A smarter web search engine, or a knowbot (knowledge robot), that lets you search for a keyword such as compute to retrieve all documents that contain that keyword, or conceptually related keywords like computationally.
A smart document categorizer that reads a series of documents and sorts them into different categories based upon disproportionate use of particular keywords ("this document appears to be about nuclear physics, because it mentions keywords like atom and nucleus far more than average documents").
A smart document summarizer that summarizes one or more documents into a more compact form and presents a digest (see CS-Web: A Lightweight Summarizer for HTML, in TPJ #16).
All of these programs require some understanding of natural language. For perfect summarization or perfect translation, we'd need total understanding, and that's far too difficult because of the intricacies of human communication.
Fortunately, we don't need complete language understanding to obtain some utility. Even a little knowledge of language is useful for some applications, and in this spirit, let's start at the lower levels and pick one small part of natural language which we can process relatively easily — the structure of single words.
Morphology: Word Form And Structure
Natural languages like English often express shades of meaning by changing the form of a single word, such as by adding a prefix or a suffix to an existing word. Adding s to computer changes the meaning from "a single computer" to "multiple computers": a noun-to-noun change. We can also move between nouns, verbs, and adjectives with similarly simple changes (move becomes movement). The study of the form of words is called morphology.
This article shows how to implement a program that uses morphological rules to generate many related words from one given word. This will be useful in search tools, because when the user searches for computer, the search engine can now find documents with related words like compute, computing, and computationally.
So let's look at four common morphological processes and how we might model them in Perl.
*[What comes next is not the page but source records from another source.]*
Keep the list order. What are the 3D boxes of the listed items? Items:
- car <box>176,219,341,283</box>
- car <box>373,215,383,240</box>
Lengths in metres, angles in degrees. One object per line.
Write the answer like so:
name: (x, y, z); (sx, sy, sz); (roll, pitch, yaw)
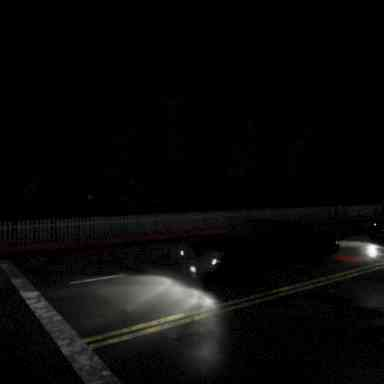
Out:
car: (2.205, 1.542, 9.846); (5.357, 1.411, 2.033); (0, 0, -35)
car: (10.467, 1.493, 15.736); (4.892, 1.490, 1.837); (0, 0, -35)
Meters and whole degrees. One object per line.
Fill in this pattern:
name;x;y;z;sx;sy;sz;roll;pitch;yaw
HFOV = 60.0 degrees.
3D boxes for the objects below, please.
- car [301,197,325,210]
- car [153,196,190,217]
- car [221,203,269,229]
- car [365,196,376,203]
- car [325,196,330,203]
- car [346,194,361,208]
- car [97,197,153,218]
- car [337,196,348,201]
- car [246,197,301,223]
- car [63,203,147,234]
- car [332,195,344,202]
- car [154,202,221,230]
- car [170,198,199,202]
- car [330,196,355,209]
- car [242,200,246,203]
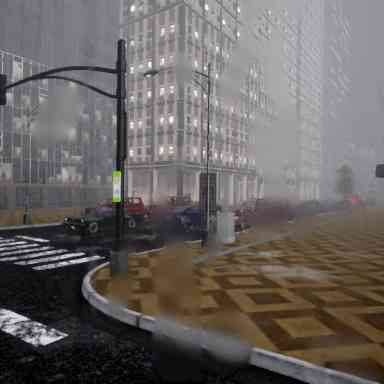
car;15.856;1.644;44.465;1.994;1.385;4.181;1;1;35
car;-1.843;1.283;28.964;2.192;1.841;5.009;1;0;35
car;3.223;1.668;22.038;1.802;1.307;4.206;1;0;35
car;39.470;1.598;73.528;1.967;1.590;4.097;1;1;35
car;29.832;1.617;73.548;1.802;1.307;4.206;1;1;35
car;25.388;1.366;52.882;2.150;2.045;5.566;1;1;35
car;-5.498;1.275;23.794;2.192;1.841;5.009;1;0;35
car;39.425;1.623;87.115;1.947;1.339;4.313;1;1;35
car;6.712;1.409;26.966;2.192;1.841;5.009;1;0;35
car;-5.164;1.595;19.747;1.895;1.301;4.718;1;1;35
car;36.140;1.571;82.468;1.752;1.417;4.829;1;1;35
car;-0.197;1.608;21.772;1.994;1.385;4.181;1;1;36
car;0.690;1.486;28.054;1.882;1.535;5.008;1;1;35
car;21.360;1.656;47.119;1.812;1.442;4.674;1;1;35
car;8.209;1.517;38.666;2.128;1.511;4.902;1;0;35
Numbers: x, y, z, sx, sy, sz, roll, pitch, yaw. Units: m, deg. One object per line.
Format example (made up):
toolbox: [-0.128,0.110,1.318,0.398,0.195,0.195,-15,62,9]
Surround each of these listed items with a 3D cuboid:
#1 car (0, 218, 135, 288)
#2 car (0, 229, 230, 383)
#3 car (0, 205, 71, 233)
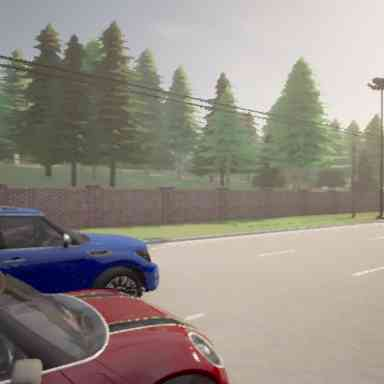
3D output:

The first is called inflection, in which a word is transformed to indicate the tense (for example, look becomes looks, looking, and looked) or the number (for example, husky becomes huskies).
As soon as we start thinking about such transformations from a Perl perspective, we can't help but think of regular expressions: if you have the verb look and you want to generate the present participle (looking), this regular expression springs to mind:
s/$/ing/ # add "ing" to $_
In this spirit, Table 1a shows some typical inflections that pluralizes nouns, and Table 1b shows some tense inflections on verbs.
Unfortunately, English has many irregularities, ranging from whether or not to suppress a trailing e, up to the impressive past tense of go: went, with no letters in common!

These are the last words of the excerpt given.